Thanks to these tactics, combined with evangelizing to his neighbors about the importance of management and testing, the deer herd in his area is not only still healthy, but its prevalence of CWD hasn't risen, unlike other areas.

"Chronic wasting disease has an effect on the resource that, if left alone or not controlled, the prevalence increases, the disease spreads, and you'll see a younger herd because deer don't get as old and the population will decline, and that's what's beginning to happen around here south of us," Duren states. Then, he counters, "Here we still have a robust herd."

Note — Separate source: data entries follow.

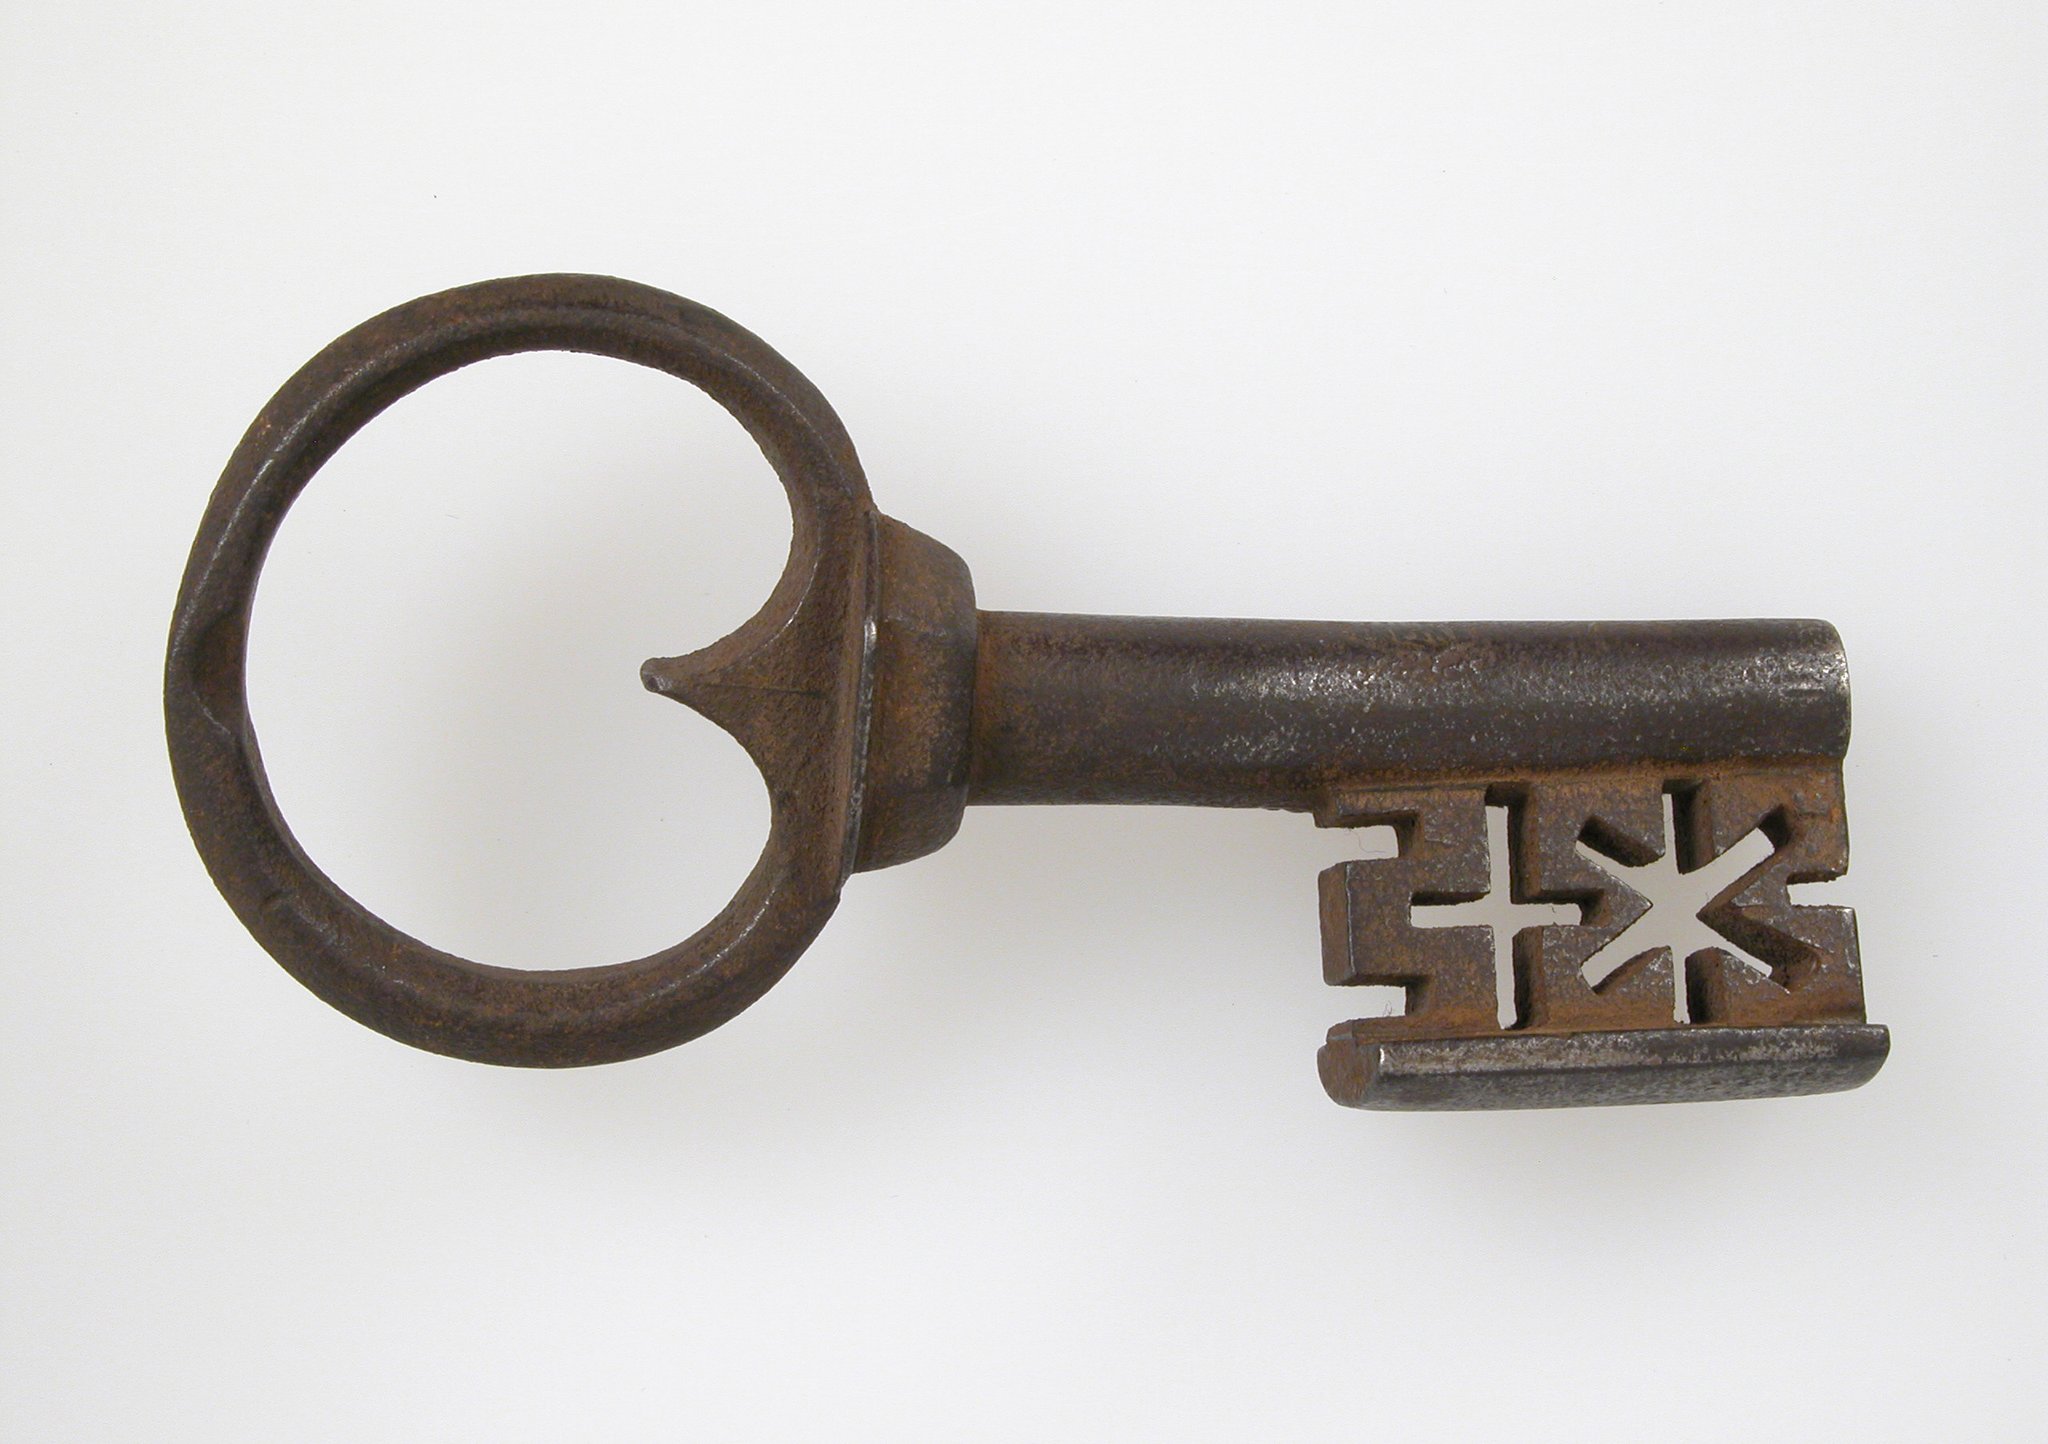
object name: key
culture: german
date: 1401-1600
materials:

He tells our group, "We killed 47 deer on this property last year. The year before we killed 42. The year before that it was like 35. So, we're killing routinely half and two-thirds of the deer that are supposedly on here, yet every year we're able to do it again. Which tells me there were more deer in this area than that and nature abhors a vacuum. As soon as you make space, more deer move in."

And maintaining that herd is essential not just for hunters, but for the local ecosystems, too. Deer have an effect on forest management and growth, as well as the rest of the flora and fauna. Duren's management isn't just about maintaining a resource for hunters, but a resource for all, as well as the land he now shares with others.

Humans often forget that we're a part of the overall ecosystem. Despite the best intentions of environmental groups promoting preservation over conservation, our presence still has an effect that has to be managed. And while nature is pretty good at regulating things, stewardship is required to maintain healthy balances, both for wildlife and for us.

We have to do our part. It's our turn to take care of the land. 

"If you take anything from this time here, it's that this group of people that's a part of this, my family and these other folks who are involved with our Sharing the Land cooperative, is that we're trying to do better for the land," Duren tells me, adding, "I mean, this is about an idea. It's not about me or anything. It's more about an idea of good stewardship, good conservation...and I like having people around too."